On the other hand, Show allows for some recognizable kdrama conventions, and gives everything an overall treatment that is warm and hopeful. That warmth and hope is, essentially, one of the big draws of kdramas in general, and is instrumental in making this show the ultimately heartwarming, uplifting watch that it turns out to be.
Yes, there are times when believability is a stretch, but the storytelling is so very assured, and the emotional throughlines so clear, that I always feel like I can absolutely trust Show to take me where it’s going.
MY FAVORITE CHARACTERS
Kim Hee Sun as Jo Kang Ja
Kim Hee Sun is simply outstanding as Kang Ja, seriously.
Not only does she totally look the part (how youthful does she look, right?), she delivers the role with so much nuance that she completely and thoroughly brings Kang Ja to life. Whether she’s being an ahjumma, a concerned mother, the new girl in class, or the most fearless fighter in school, she consistently rocks it all, and is a genuine pleasure to watch.
Kim Hee Sun imbues Kang Ja with a simplicity, earnestness and determination that is equal parts admirable and endearing. In a drama world where rules don’t do a thing and authority figures are more to be feared than trusted, Kang Ja’s courage in wielding her own brand of justice is impressive in all of its rogue glory, and I rooted for her, so much.
There are so many things that I love about Kang Ja. Here are just a few of ’em.
1. She’s So Badass
I love, love, love Kang Ja’s brand of badassery, which is made up of single-minded fists and fury, a nothing-can-stop-me fierce protective instinct, and a distinct I-don’t-care-what-you-think swag.
There were So. Many. Times. in the show that I was in awe of Kang Ja’s badassery.
Like when she first goes to school, and within minutes of actually joining the class, proceeds to beat the best fighter in school Bok Dong (Ji Soo), while fending off earnest Teacher No Ah’s (Ji Hyun Woo) attempts to break it up, no less (above). How great is it, that the school jjangs end up respecting and even liking Kang Ja so quickly, that even the true power wielder, Chairman’s son Sang Tae (Baro), makes a move to prevent her expulsion?
In particular, I was awed by Kang Ja in episode 9, when she simply walks into Dong Chil’s (Kim Hee Won) trap without batting an eyelash, and faces him head-on without a hint of hesitation. She gave me chills with her fearless determination in the face of the very real danger posed by Dong Chil.

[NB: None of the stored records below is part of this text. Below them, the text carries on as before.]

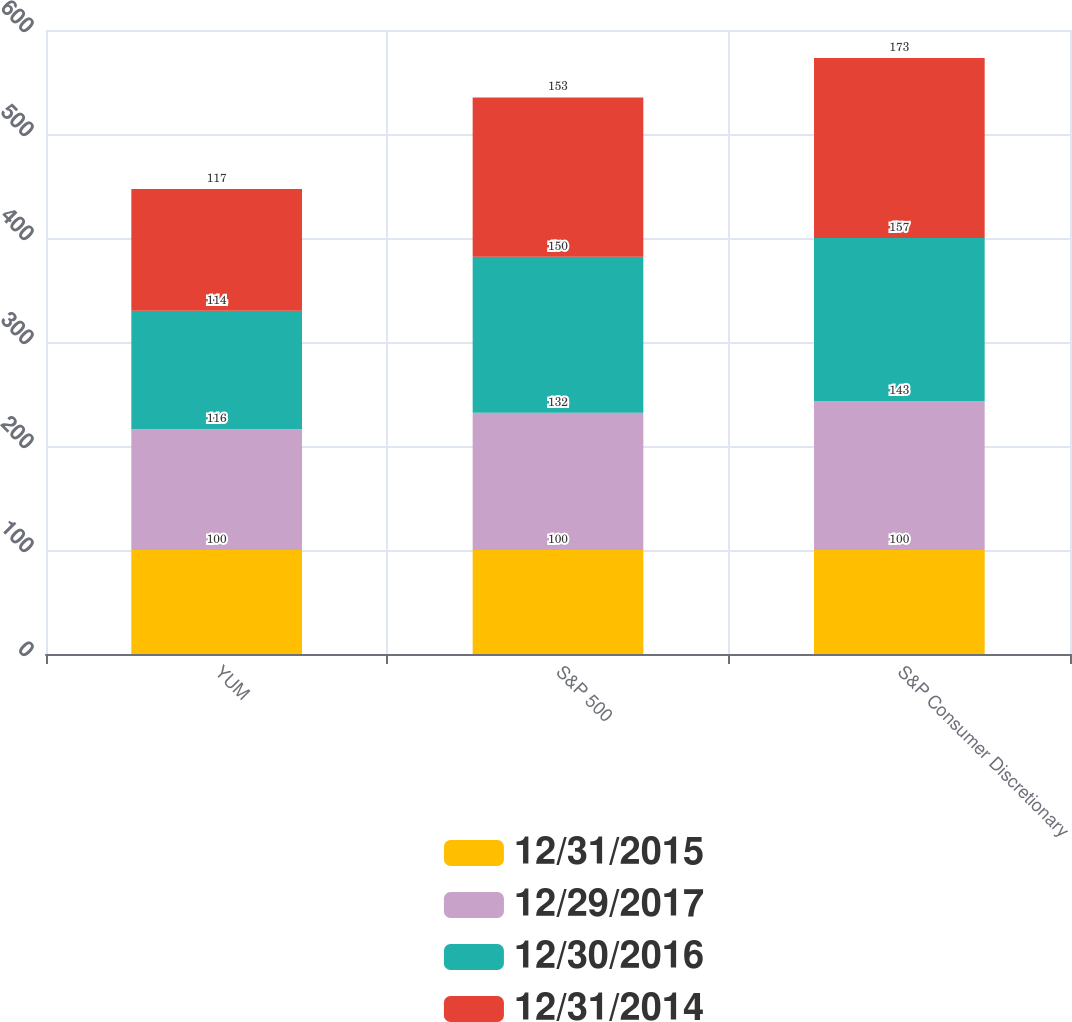<chart> <loc_0><loc_0><loc_500><loc_500><stacked_bar_chart><ecel><fcel>YUM<fcel>S&P 500<fcel>S&P Consumer Discretionary<nl><fcel>12/31/2015<fcel>100<fcel>100<fcel>100<nl><fcel>12/29/2017<fcel>116<fcel>132<fcel>143<nl><fcel>12/30/2016<fcel>114<fcel>150<fcel>157<nl><fcel>12/31/2014<fcel>117<fcel>153<fcel>173<nl></chart> 
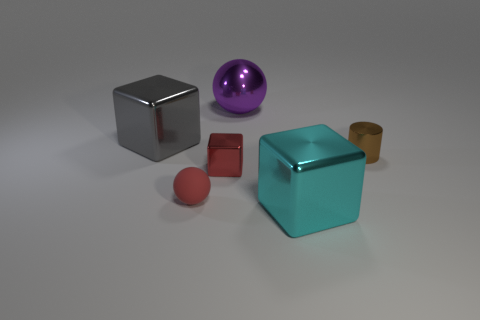Add 1 gray shiny things. How many objects exist? 7 Add 5 purple shiny spheres. How many purple shiny spheres are left? 6 Add 6 red blocks. How many red blocks exist? 7 Subtract 0 purple cubes. How many objects are left? 6 Subtract all balls. How many objects are left? 4 Subtract all large gray metal blocks. Subtract all yellow metal balls. How many objects are left? 5 
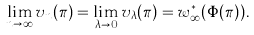Convert formula to latex. <formula><loc_0><loc_0><loc_500><loc_500>\lim _ { n \to \infty } v _ { n } ( \pi ) = \lim _ { \lambda \to 0 } v _ { \lambda } ( \pi ) = w ^ { * } _ { \infty } ( \Phi ( \pi ) ) .</formula>

Kang Ja wears her badassery with poise throughout the show, facing all manner of threats and traps even when she herself is afraid or worried. Not only for the sake of protecting not only her daughter Ah Ran (Kim Yoo Jung), but also the entire student body at large.
She’s just So. Freaking. Awesome.
2. She’s All Heart
Another thing that I love about Kang Ja is that beneath the badassery, she is all heart.
The fact that Kang Ja started this entire journey out of a specific desire to protect her daughter, but then so naturally and instinctively expanded her protective instincts towards a bigger group and a greater cause, says so much about her.
When we meet Kang Ja, we see that she’s a typical mother; a bit of an ahjumma, whose cares and concerns revolve around her daughter, her family, and her livelihood. She has no interest in politics, nor does she see herself as a vigilante. But when she realizes how much the students are suffering because of the corruption in school, she takes on their cause as her own, simply because it’s the right thing to do. Notably, Kang Ja never doubts that for a moment.
On top of this, throughout the show, we see Kang Ja showing empathy and kindness to the people who cross her path. I love how she shows care and concern for Bok Dong, even when everyone else simply sees him as a bully. And how she encourages and supports No Ah, even when she’s undercover as his student.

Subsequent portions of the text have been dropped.